“STF curva-se
perante Erdogan
Por Demétrio Magnoli
Ali Sipahi era,
até um mês atrás, um homem comum. De lá para cá, por um ato do STF, tornou-se o
único preso político do Brasil. No 6 de abril, cumpriu-se sua prisão preventiva
para fins de extradição, determinada pelo ministro Edson Fachin, sob a acusação
de terrorismo. Kafka passeia entre nós: a prova do “crime” de Sipahi,
brasileiro naturalizado de origem turca, foi depositar, em 2014, uma ínfima
quantia no Banco Asya, então um banco legal na Turquia. Caímos baixo: o ato de
Fachin converte o sistema judicial brasileiro em tentáculo da repressão do
regime autoritário turco de Recep Erdogan.
Narro uma história
que, a essa altura, Fachin teria o dever de conhecer.
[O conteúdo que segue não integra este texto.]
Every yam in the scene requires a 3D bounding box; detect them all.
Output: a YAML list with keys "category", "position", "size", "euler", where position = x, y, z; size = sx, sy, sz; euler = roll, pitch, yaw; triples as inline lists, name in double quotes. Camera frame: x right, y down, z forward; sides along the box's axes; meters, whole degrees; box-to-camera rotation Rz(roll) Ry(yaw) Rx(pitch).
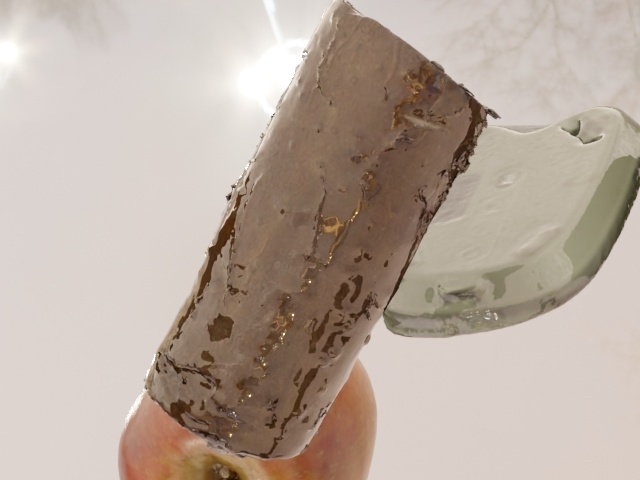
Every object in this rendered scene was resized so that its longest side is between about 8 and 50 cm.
- category: "yam"
  position: [-0.001, 0.000, 0.681]
  size: [0.280, 0.131, 0.131]
  euler: [-63, -161, 9]

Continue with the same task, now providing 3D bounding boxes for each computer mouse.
- category: "computer mouse"
  position: [0.164, -0.016, 0.916]
  size: [0.197, 0.095, 0.331]
  euler: [-10, -154, 33]

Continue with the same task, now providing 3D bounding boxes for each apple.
- category: "apple"
  position: [-0.062, 0.177, 1.041]
  size: [0.242, 0.242, 0.241]
  euler: [-13, -163, 15]
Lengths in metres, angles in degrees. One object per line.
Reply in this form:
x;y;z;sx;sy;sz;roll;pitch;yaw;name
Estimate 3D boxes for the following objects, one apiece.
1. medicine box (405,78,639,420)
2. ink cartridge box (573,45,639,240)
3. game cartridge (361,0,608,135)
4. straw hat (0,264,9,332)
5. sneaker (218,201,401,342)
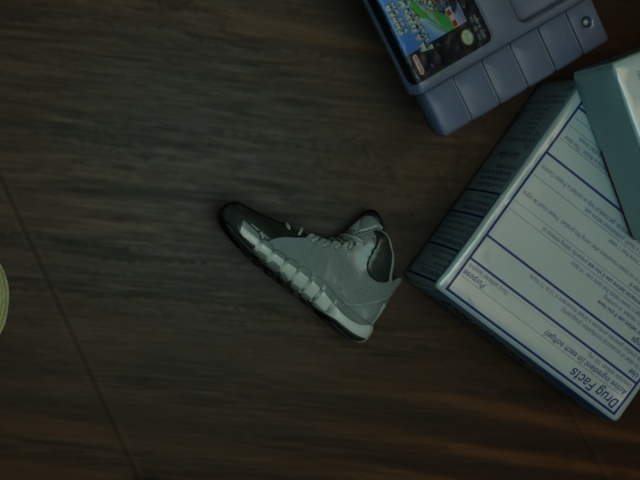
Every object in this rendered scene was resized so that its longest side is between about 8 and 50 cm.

A cisão entre Erdogan e o
clérigo Fethullah Gulen, seu antigo aliado, em 2013, provocou o declínio do
experimento democrático na Turquia. A perseguição ao Hizmet, movimento dirigido
por Gulen com centenas de milhares de aderentes, ganhou as dimensões de um
expurgo colossal desde a tentativa de golpe militar de julho de 2016, atribuída
sem provas a seu inimigo político. Sipahi está preso por pertencer à Câmara de
Comércio Turco-Brasileira e ao Centro Cultural Turco-Brasileiro, instituições
inspiradas pelo Hizmet. Ele é um prisioneiro de consciência feito pela nossa
precária democracia, que presta vassalagem judicial a um tirano.
Fachin não está
só no pátio da vergonha. Tem a companhia do vice-procurador-geral da República,
Luciano Mariz Maia, que assina um parecer do MPF contrário à revogação da
prisão preventiva. Conto o que os dois doutores fingem não saber.
Erdogan
qualificou o frustrado golpe de 2016 como um “presente de Deus” que propiciaria
a “limpeza social” da Turquia. O Hizmet, uma rede de sociedades filantrópicas,
escolas, centros culturais e instituições financeiras (como o Banco Asya),
prega a economia de mercado, o empreendedorismo e a conciliação do Islã com os
valores democráticos. Diante da onda repressiva de Erdogan, cerca de 250 turcos
ligados ao Hizmet encontraram no Brasil um pátria alternativa. Eles imaginaram
emigrar para uma nação que respeita os tratados internacionais de direitos
humanos e sua própria Constituição. O “novo” Fachin, um desmemoriado que se
esqueceu de suas decisões recentes, não podia fazer parte do cálculo deles.
Faz só três anos
que o STF revogou, por unanimidade, a prisão preventiva de um extraditando
solicitado pelo regime chavista de Maduro. O relatório, escrito por Fachin,
apontava as violações de direitos humanos, a perseguição de opositores e a
submissão do Judiciário ao Executivo na Venezuela. O cenário turco assemelha-se,
sob os três aspectos, ao venezuelano. Qual é a conveniência oculta,
extra-judicial, que explica o contraste entre as duas decisões?
Sipahi não se
chama Cesare Battisti. Jamais matou alguém. Nunca foi condenado por nenhum
tribunal independente. Cidadão brasileiro, com filho brasileiro, residência
fixa e 16 funcionários em São Paulo, ele não é uma “causa célebre”, da esquerda
ou da direita. O descaso conjunto do STF e do MPF com os princípios dos
direitos humanos o transformou em vítima de um regime que se nutre dos serviços
de um cortejo de juízes vergados diante do poder de turno.
Stalin instaurou
sua ditadura totalitária a pretexto de limpar a URSS dos “trotskistas”. Na sua
cruzada autoritária, Erdogan substituiu “trotskistas” por “gulenistas”. Os
expurgos turcos produziram a prisão de 50 mil opositores, inclusive cerca de
300 jornalistas e 600 advogados, a exoneração de 150 mil funcionários públicos
e de 4,2 mil juízes e procuradores, a demissão em massa de professores
universitários e o fechamento de 166 veículos de comunicação.
As garras
persecutórias do regime turco estendem-se pelo mundo todo, por meio das
embaixadas. Nas democracias, os magistrados protegem os exilados turcos da
fúria do tirano. Na Rússia, juízes que não merecem esse título mandam
prendê-los. Fachin, que permanece sentado sobre a sua decisão insensata,
empurra o Brasil à vala de Putin. Até quando aguardarão os demais ministros do
STF para dar um basta à marcha do arbítrio?”